Su quelle elezioni sono state scritte centinaia di migliaia di parole, la maggior parte delle quali critiche al fatto stesso di averle tenute, alla miopia di quella decisione, all’incapacità delle agenzie di intelligence di prevederne i risultati e all’incoraggiamento finanziario e politico degli Stati Uniti per averle tenute. Ma questa è acqua passata.

Israele, gli Stati Uniti e Fatah si sono rifiutati di accettare i risultati delle elezioni o il governo che Ismail Haniyeh  di Hamas ha cercato di formare.
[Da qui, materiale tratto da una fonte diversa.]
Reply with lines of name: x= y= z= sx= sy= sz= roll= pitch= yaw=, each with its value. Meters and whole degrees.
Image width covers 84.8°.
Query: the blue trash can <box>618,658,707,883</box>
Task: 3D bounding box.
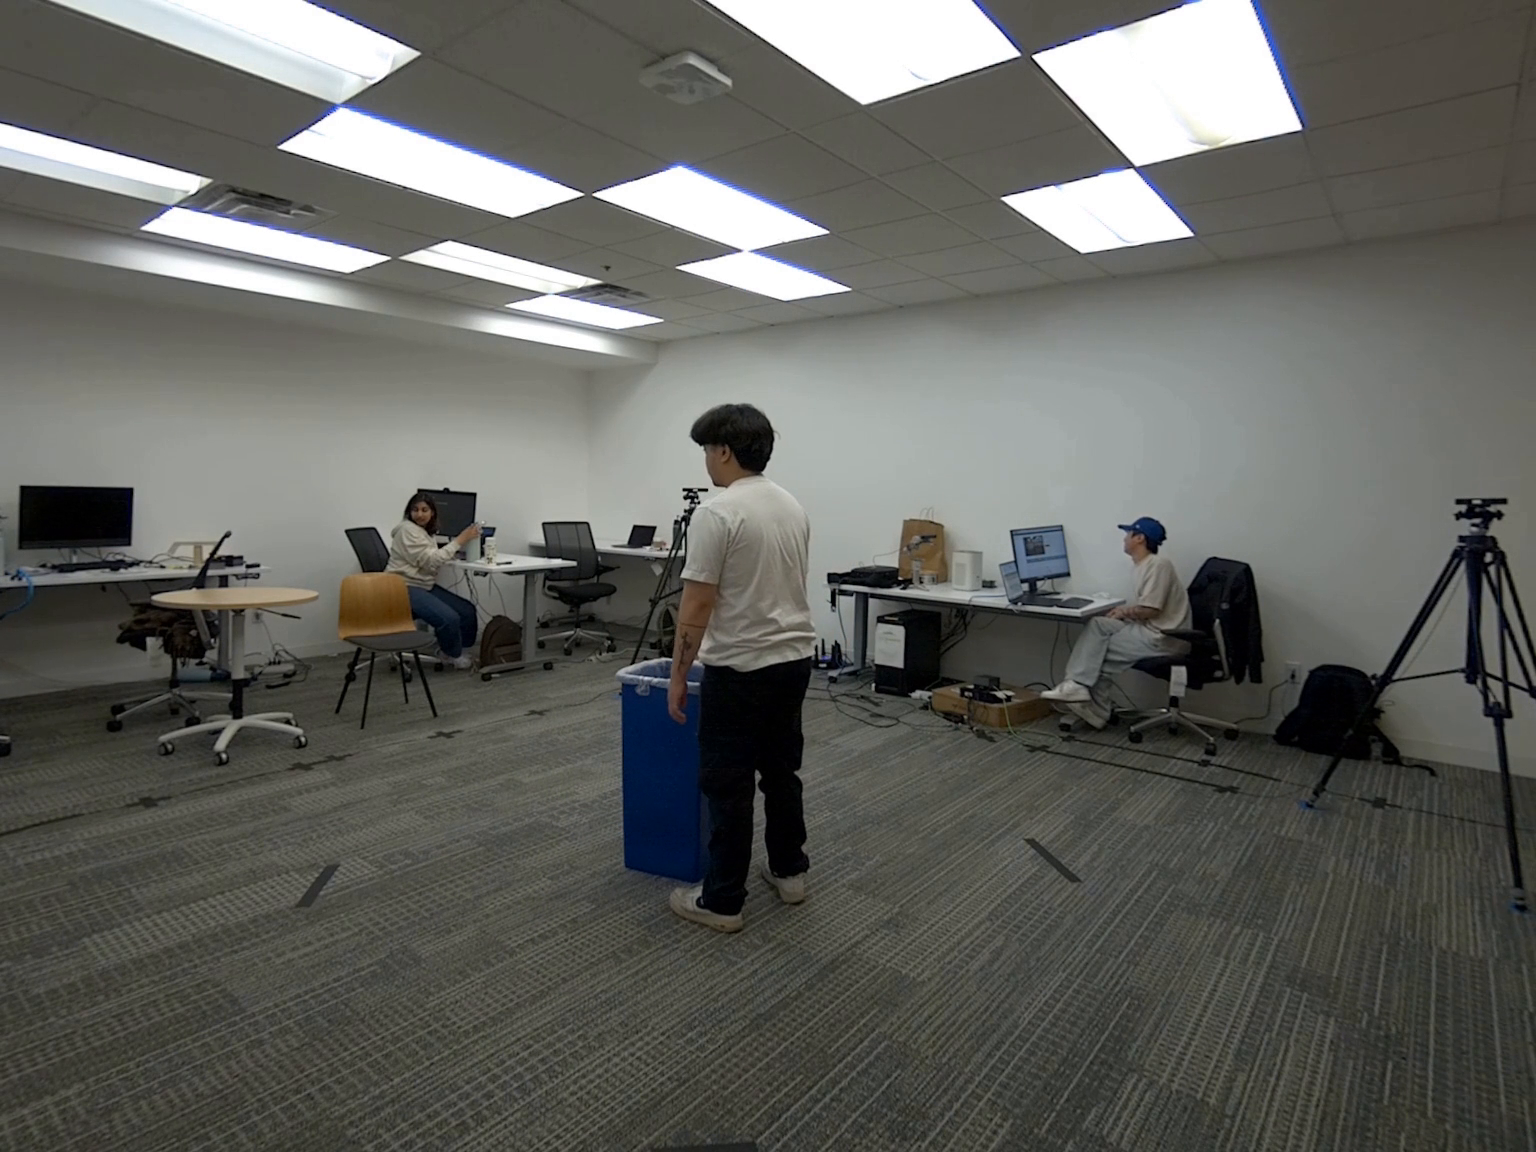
blue trash can: x=-0.341 y=0.702 z=3.181 sx=0.387 sy=0.712 sz=0.366 roll=3 pitch=3 yaw=23

In seguito, la situazione si è rapidamente deteriorata.
 Il culmine si è raggiunto quando Hamas ha preso militarmente il controllo di Gaza nel giugno 2007, dopo che ogni tentativo di formare un governo di unità palestinese era crollato di botto – a volte per l’assegnazione dei portafogli e dei bilanci, a volte per il rifiuto di Hamas di impegnarsi negli Accordi di Oslo, come richiesto da Abbas, anche se l’esistenza stessa di quelle elezioni, in cui Hamas si è candidato e attraverso le quali ha ottenuto la legittimità pubblica, derivava dagli Accordi di Oslo che ha rifiutato.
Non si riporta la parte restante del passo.